Ища свое предназначение, я горячо сочувствовал Мартину Лютеру Кингу-младшему и его движению за гражданские права. Я размышлял над словами Малколма Икса и зачитывался книгами о социальных реформах. Вместе со своими лучшими друзьями Бассуном и Гэри, которых знал с десятилетнего возраста, я устроился на автомойку, где в течение учебного года работал после занятий, а во время летних каникул — полный рабочий день. Работа была тяжелой, но мне она нравилась. С нами трудились взрослые негры из гетто на южной окраине Чикаго — люди из совсем другого мира, лежащего за пределами уютного Хайленд-Парка. Работая с ними, мы очутились как бы за кулисами музыки «соул» — в мире, разительно отличающемся от всего, что мы видели в Хайленд- Парке. Нищета, расовая дискриминация и алкоголизм стянули этих людей самое дно жизни, и когда я слушал вместе с ними щемящие рыдания блюзовых и «соул»-певцов, сердце мое разрывалось. Мне, пятнадцатилетнему подростку, не давали покоя вопросы, на которые я нигде не мог найти ответа.

А потом погиб мой близкий друг. Он был старше меня всего на год. Его автомобиль, слетев с обледеневшей дороги, утонул в холодных водах озера Мичиган. Тогда я всерьез задумался о том, кто я и для чего живу. Мне казалось, будто весь мир катится в пропасть по льду неопределенности.

В поисках уединенного места я перебрался в подвал дома, где оклеил стены светящимися в темноте психоделическими плакатами. Убранство подвала довершали свисавшие с потолка рыболовные сети. В помещении клубился густой дым жасминовых благовоний, и, когда я включал стробоскоп, реальность отступала и я переносился в мир сновидений.

Уединяясь от всех в подвале, я заслушивался революционной музыкой шестидесятых. Песня «Битлз» «А Day in the Life» только усилила во мне желание обрести истинный смысл жизни, отринув все внешнее и наносное. Лежа с закрытыми глазами и слушая, как Джордж Харрисон поет «Within You, Without You», я рыдал вместе со струнами его ситара и жаждал внутреннего покоя. Снова и снова включал я «Old Man River» Рэя Чарльза и, затаив дыхание, слушал эту скорбную песнь об участи угнетенных. Когда я слушал Би Би Кинга, надрывные звуки его гитары пронзали мое сердце, и я поражался, почему от печальных песен мне становится так хорошо.

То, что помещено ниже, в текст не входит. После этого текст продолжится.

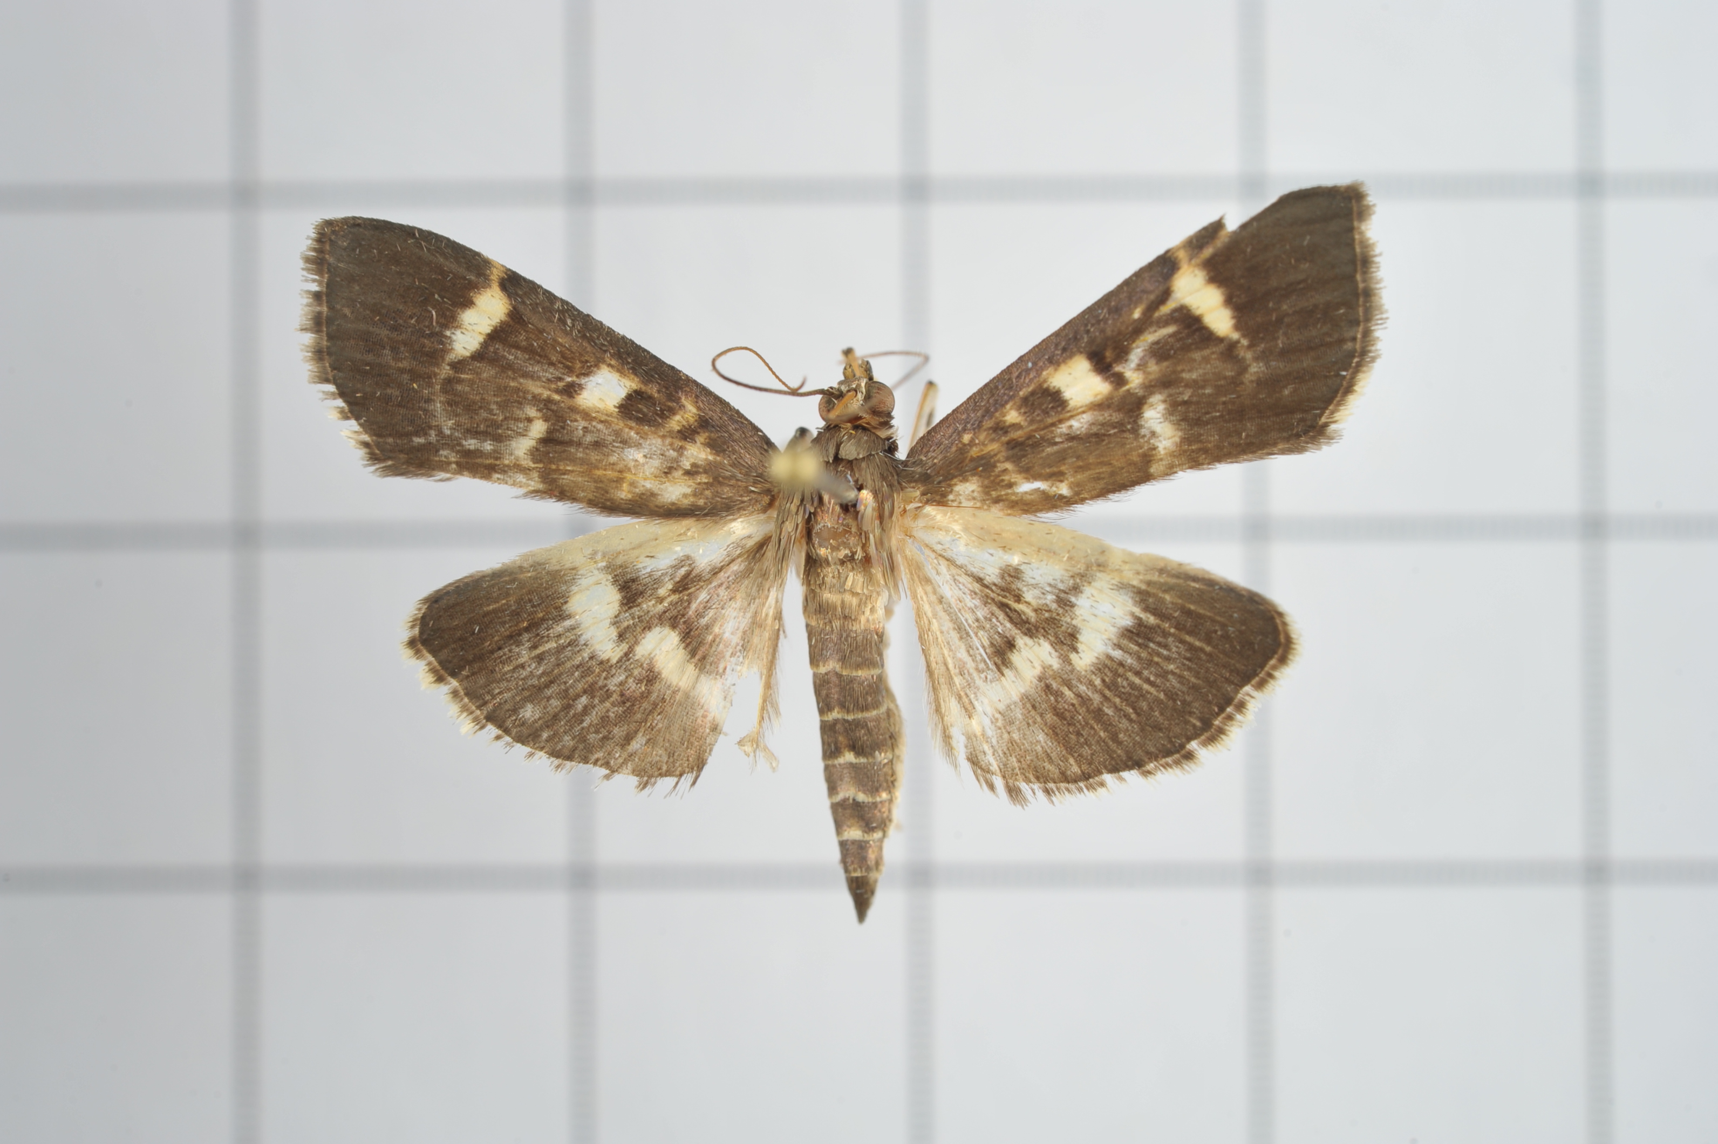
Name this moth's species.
Herpetogramma luctuosalis

Однажды поздно вечером, когда я в который раз пытался разобраться в жизни, в наушниках зазвучала песня Джонни Риверза «Look to Your Soul for the Answer» («Загляни за ответом в свою душу»),

Я глубоко вдохнул, открыл глаза и воскликнул: «Да! Это то, что нужно!»

Подстегиваемые новыми веяниями, мы с друзьями окунулись в контркультуру 1960-х. В школе, где учились в основном дети из консервативно настроенных семей, спортсмены и активисты, мы оказались в меньшинстве. Мы отпустили длинные волосы и стали экспериментировать с марихуаной и ЛСД, отвергая ценности наших родителей и их поколения.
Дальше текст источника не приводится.